Connections have been so important to me throughout my career. A recent example that springs to mind is that of a new student at Loughborough who had studied for his place alongside having treatment for leukaemia. He wanted desperately to work for Formula1 one day, he said, and so I contacted someone I followed on Twitter and asked if he could help. My contact organised a day for our student to spend time behind the scenes with Formula1, something he said he had always dreamed of. This really demonstrated, to me, the vast power of connections. Using my downtime on LinkedIn and Twitter allows me to make sure I can comment on things that I have attended and follow up with people I have met. It also helps me be proactive in offering solutions to other people, helping others means that you are very likely to receive help when you need it, and it never hurts to be nice. I would say, also, to try your best to remember names. People love to be remembered, and it is a great way to show connections that you see how important they are and recognise them on a personal level.
6. What do you think is important advice to give to young, female, PR professionals such as myself?

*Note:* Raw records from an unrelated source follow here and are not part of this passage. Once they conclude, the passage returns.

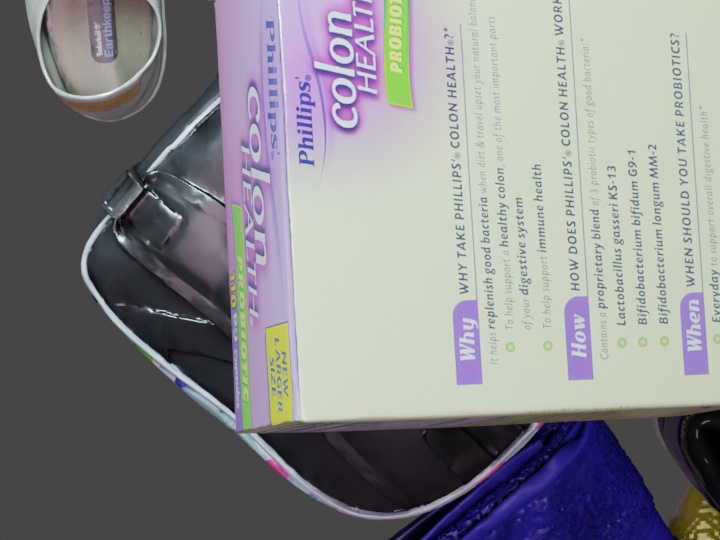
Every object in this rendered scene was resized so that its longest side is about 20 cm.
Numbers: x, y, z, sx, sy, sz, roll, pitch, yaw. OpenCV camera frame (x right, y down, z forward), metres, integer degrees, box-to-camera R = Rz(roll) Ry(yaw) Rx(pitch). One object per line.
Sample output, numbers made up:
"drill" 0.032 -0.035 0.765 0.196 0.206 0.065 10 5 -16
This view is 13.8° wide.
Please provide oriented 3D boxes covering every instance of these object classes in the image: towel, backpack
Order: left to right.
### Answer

I think that women undersell themselves a lot. I did not really find my confidence until I was around 30 years old, and it was then that I realised fully how much I was capable of. I began to take on more opportunities that frightened me, and to overcome difficulties that were presented to me with more force and belief in myself. People look at me now, with no children, and some have assumed “career bitch” – but I am proud of how far I have come and everything that I have achieved, and I would tell people to never assume the reason behind people’s situations. In my case, an early cancer diagnosis put paid to my hopes of a family, so never assume. I’ve noticed in my role that women tend not to ask for favours or to negotiate for themselves quite as hard. Men are more confident when it comes to asking for pay rises and things like that. Women are more grateful and so, as a consequence, haggle less, which I think lets us down sometimes. Unfortunately, and this was more prominent at the beginning of my career, older women tended to be the biggest blockers of my success. Women weren’t as focussed on pulling each other up and celebrating each other’s success as they are now. I think the women that used to treat me unfairly thought that an elevation of position for me would detract from them, as if I had not worked as hard as they had to get where I was. I’m pleased times have changed and issues like the gender pay gap are seen as real issues that we can fight for together. My biggest advice to women is to celebrate each other, and never feel as if we cannot all prosper together – we absolutely can.
The interviewee, Olivia, is a student at Loughborough University, where Emma is the Director of Marketing and Advancement. Olivia is currently on her placement year at Direct Line Group.